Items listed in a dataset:
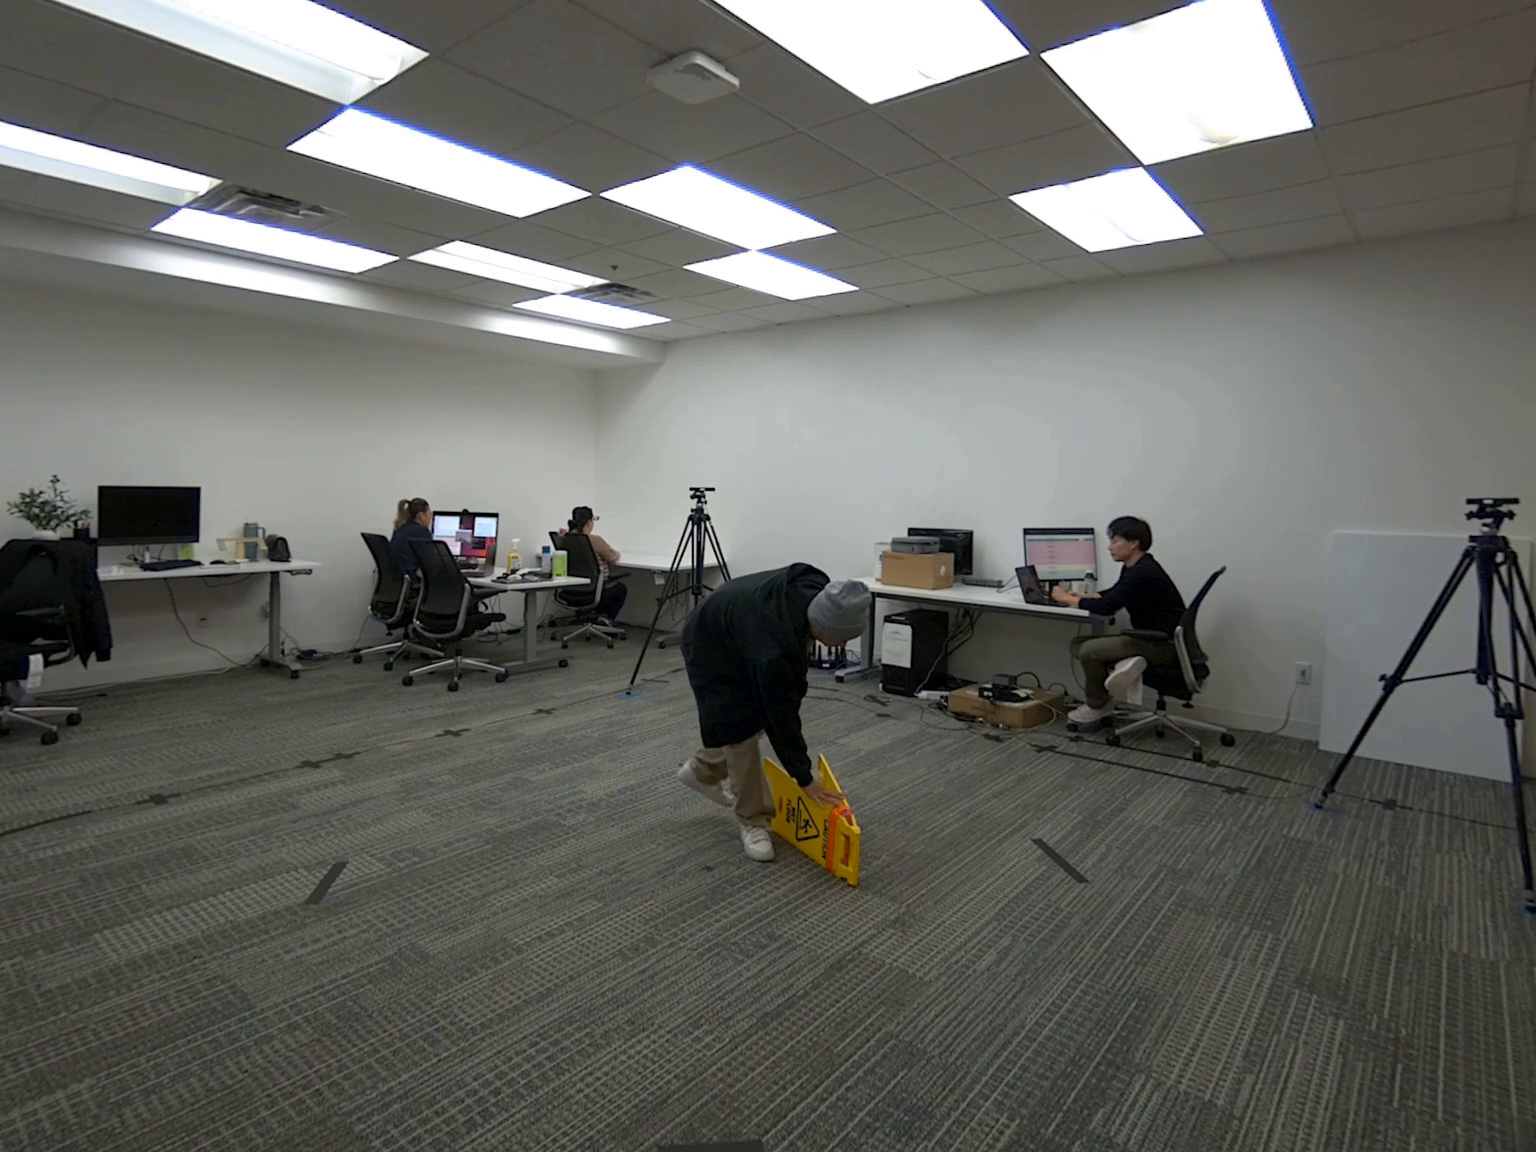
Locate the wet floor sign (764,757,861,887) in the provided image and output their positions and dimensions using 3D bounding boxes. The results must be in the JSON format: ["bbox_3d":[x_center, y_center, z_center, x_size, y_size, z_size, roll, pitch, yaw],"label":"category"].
[{"bbox_3d":[0.205,0.934,3.276,0.284,0.280,0.662,0,8,-19],"label":"wet floor sign"}]
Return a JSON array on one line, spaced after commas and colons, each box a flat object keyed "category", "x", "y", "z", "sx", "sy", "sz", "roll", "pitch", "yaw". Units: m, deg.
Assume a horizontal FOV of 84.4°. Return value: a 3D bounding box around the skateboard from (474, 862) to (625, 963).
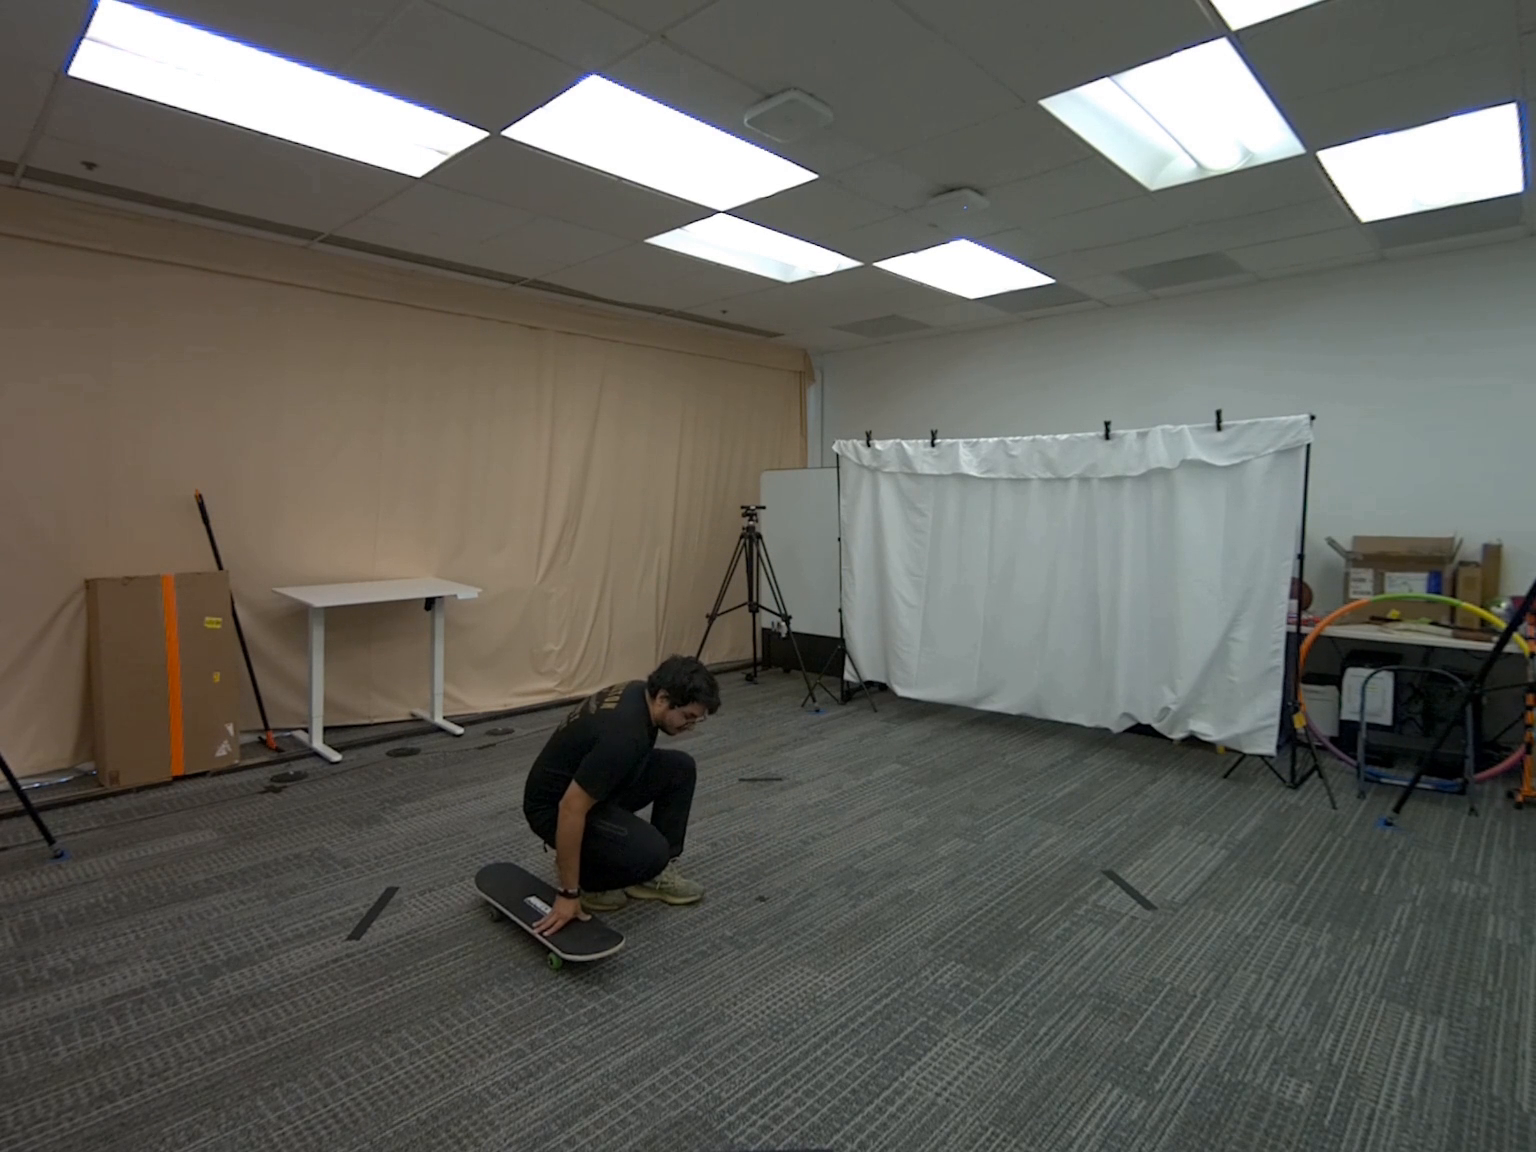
[{"category": "skateboard", "x": -0.725, "y": 1.115, "z": 2.740, "sx": 0.188, "sy": 0.110, "sz": 0.811, "roll": -7, "pitch": 7, "yaw": -43}]
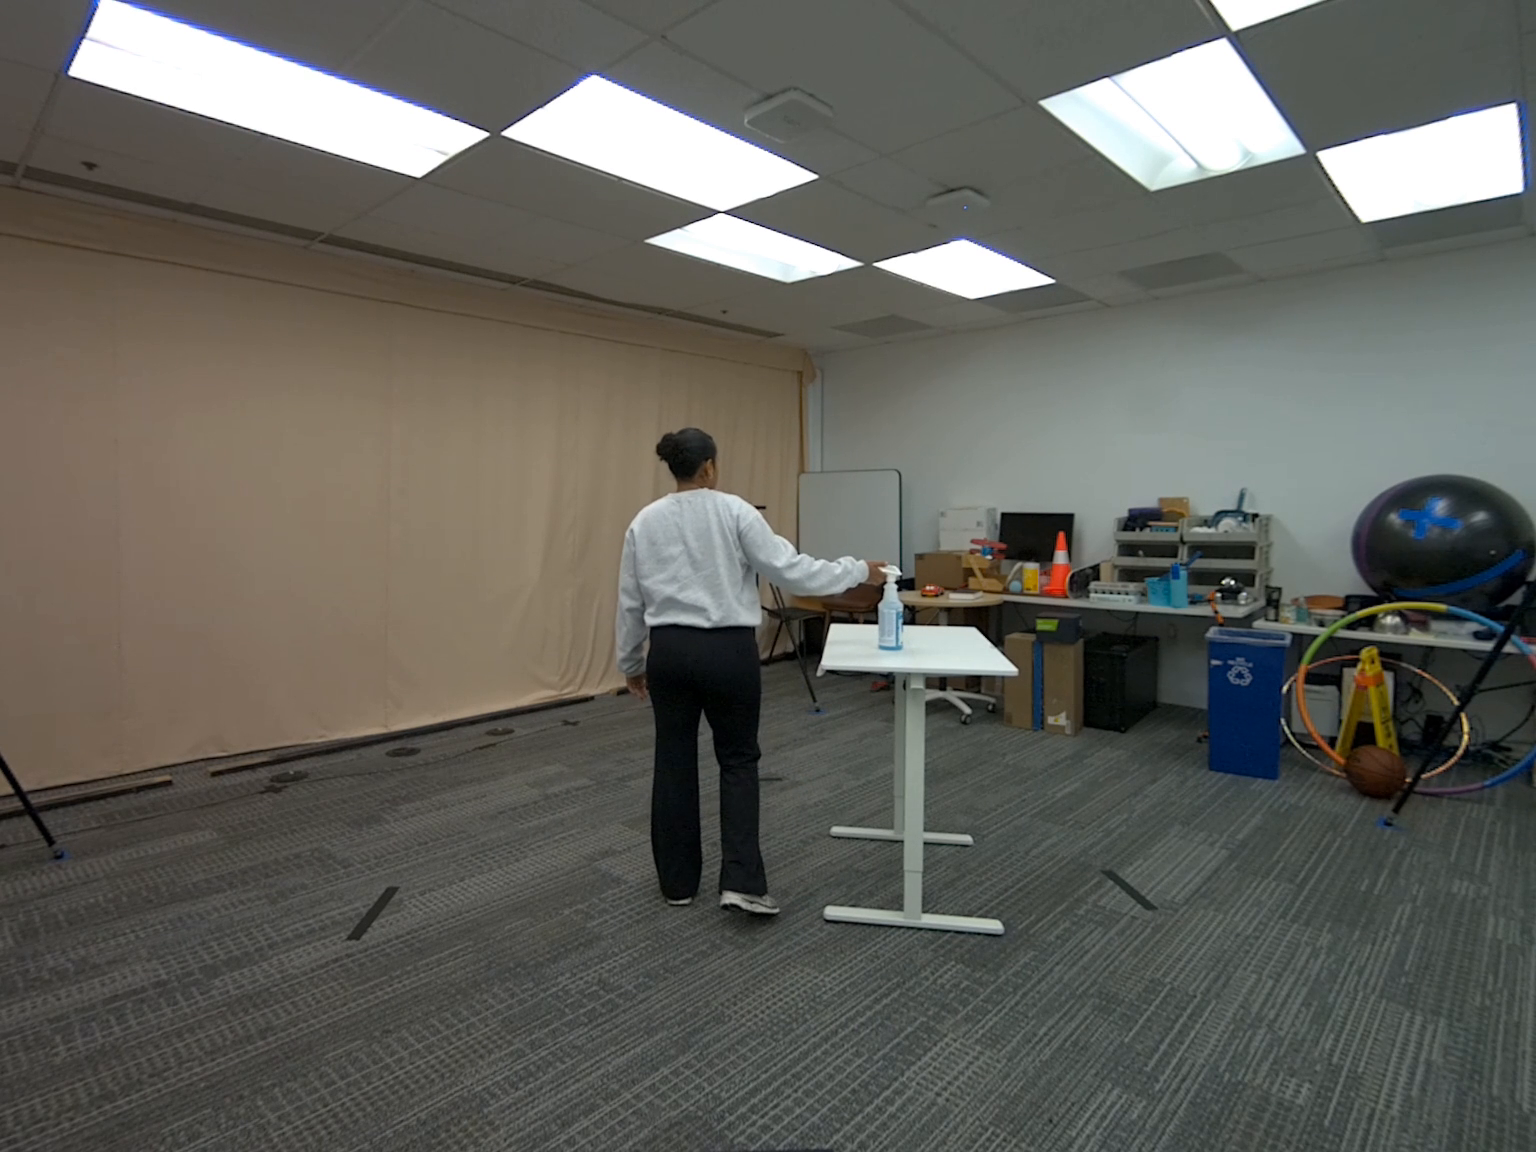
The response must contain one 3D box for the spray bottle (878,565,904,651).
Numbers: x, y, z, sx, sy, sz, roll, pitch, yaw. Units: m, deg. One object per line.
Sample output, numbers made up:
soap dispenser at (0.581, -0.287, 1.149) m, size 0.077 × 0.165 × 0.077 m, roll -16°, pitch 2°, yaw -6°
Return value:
spray bottle at (0.442, 0.112, 2.975) m, size 0.085 × 0.297 × 0.092 m, roll -1°, pitch 1°, yaw -27°
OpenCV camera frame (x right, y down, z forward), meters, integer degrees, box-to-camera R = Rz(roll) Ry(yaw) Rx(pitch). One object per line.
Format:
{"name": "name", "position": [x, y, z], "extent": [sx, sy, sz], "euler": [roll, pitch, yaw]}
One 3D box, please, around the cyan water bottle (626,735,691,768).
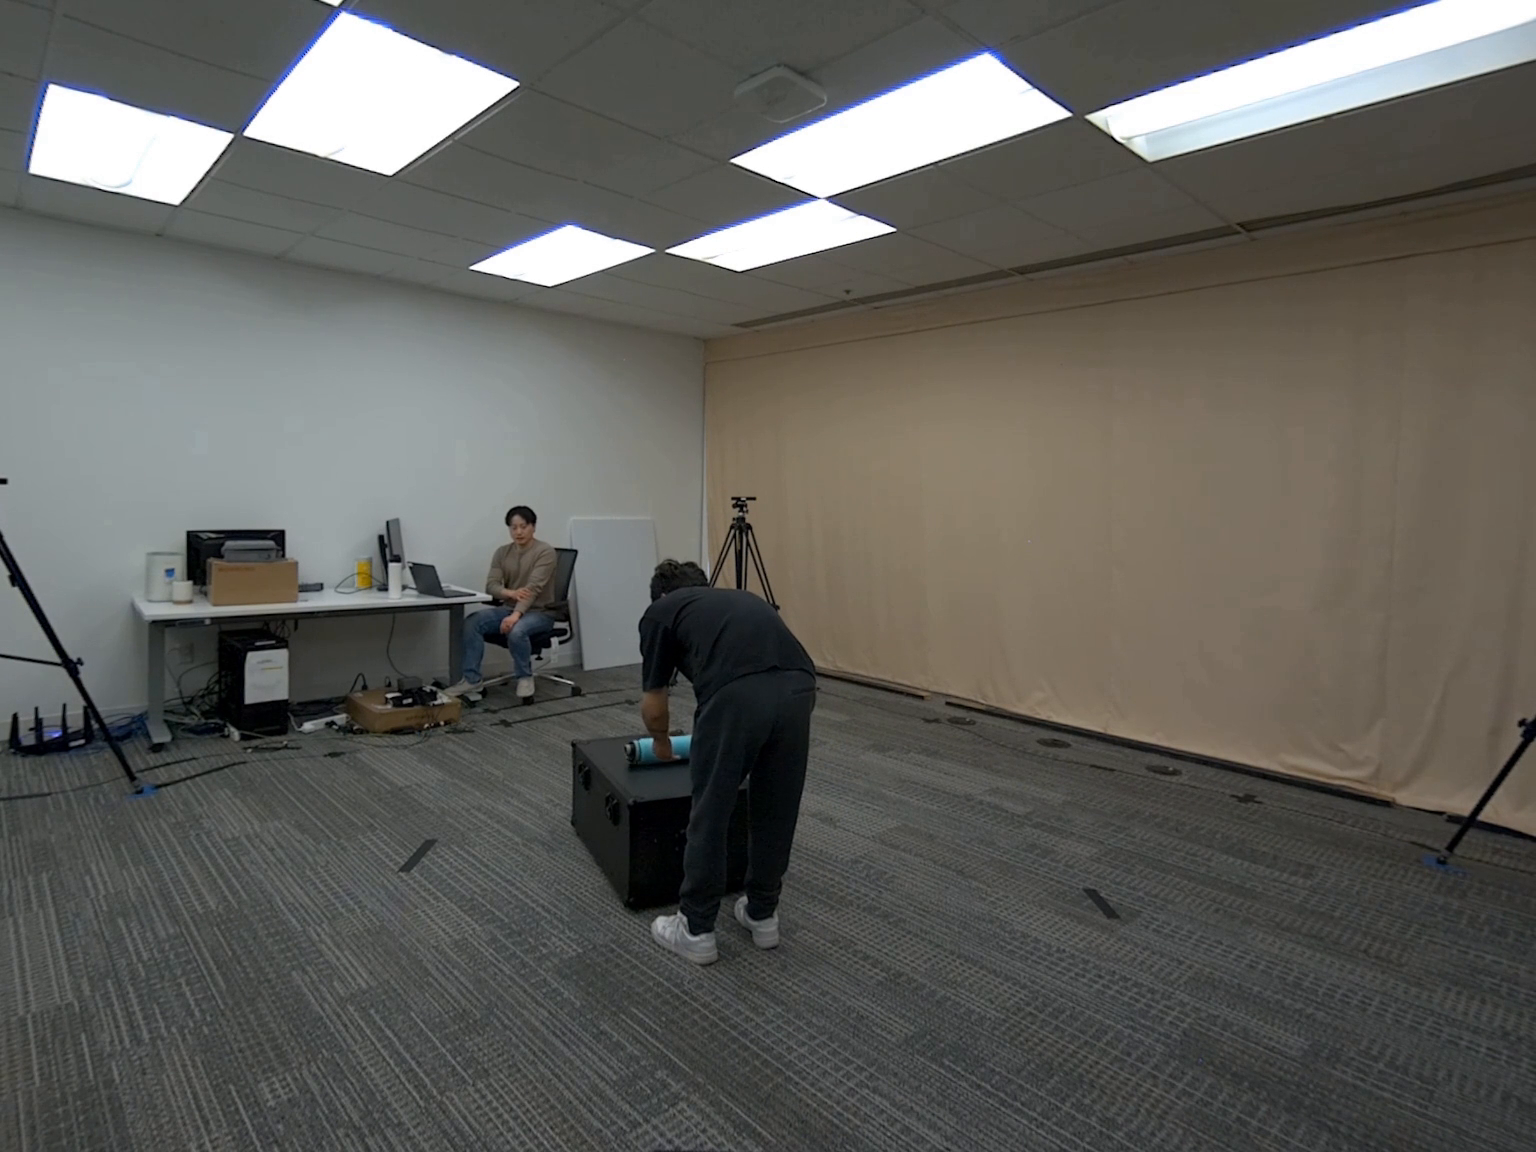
{"name": "cyan water bottle", "position": [-0.418, 0.665, 3.224], "extent": [0.278, 0.092, 0.094], "euler": [-1, 5, -24]}
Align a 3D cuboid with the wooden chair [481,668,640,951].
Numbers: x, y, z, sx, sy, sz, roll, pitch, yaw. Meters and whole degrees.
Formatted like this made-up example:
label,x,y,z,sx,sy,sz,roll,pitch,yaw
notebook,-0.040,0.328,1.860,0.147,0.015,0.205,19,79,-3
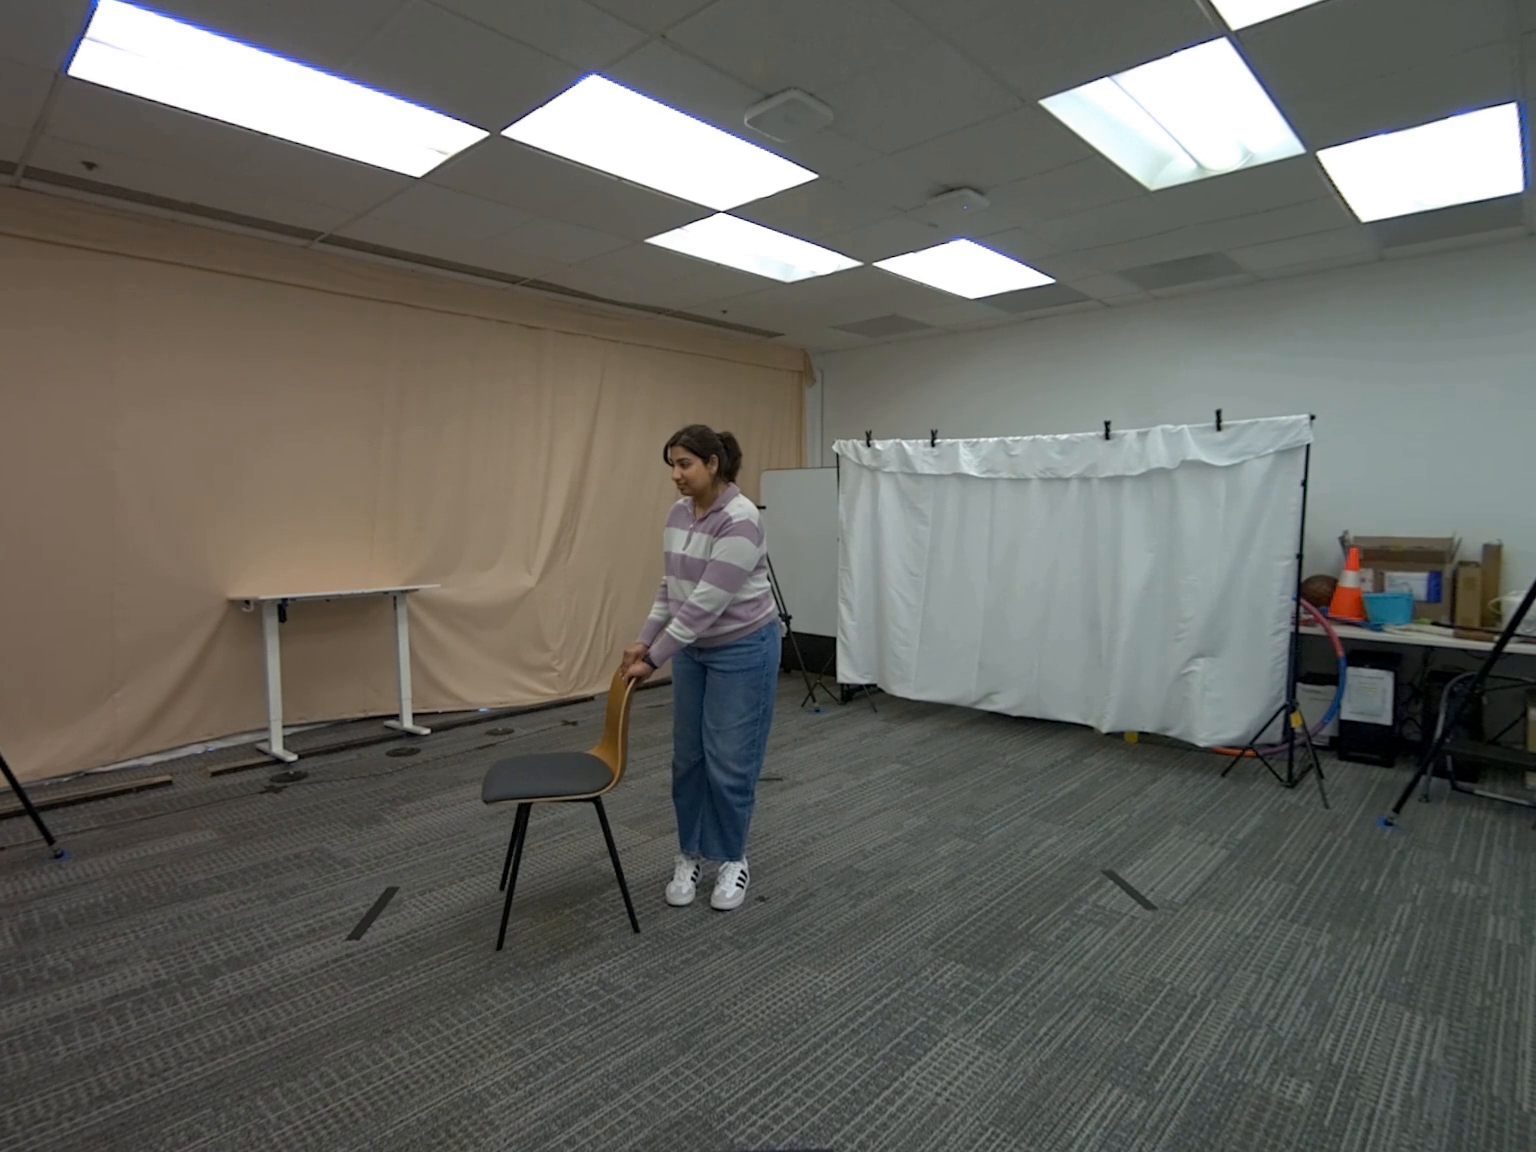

REQUIRED ACTION:
Return a copy of every line in the records that includes the string "object".

RESPONSE TO THE EXERCISE:
Return a JSON array on one line, spaced after commas and colons, each box a flat object keyed "category", "x", "y", "z", "sx", "sy", "sz", "roll", "pitch", "yaw". Units: m, deg.
Numbers: x, y, z, sx, sy, sz, roll, pitch, yaw. Units: m, deg. One object per line.
OpenCV camera frame (x right, y down, z forward), meters, integer degrees, box-to-camera R = Rz(roll) Ry(yaw) Rx(pitch). One object per line.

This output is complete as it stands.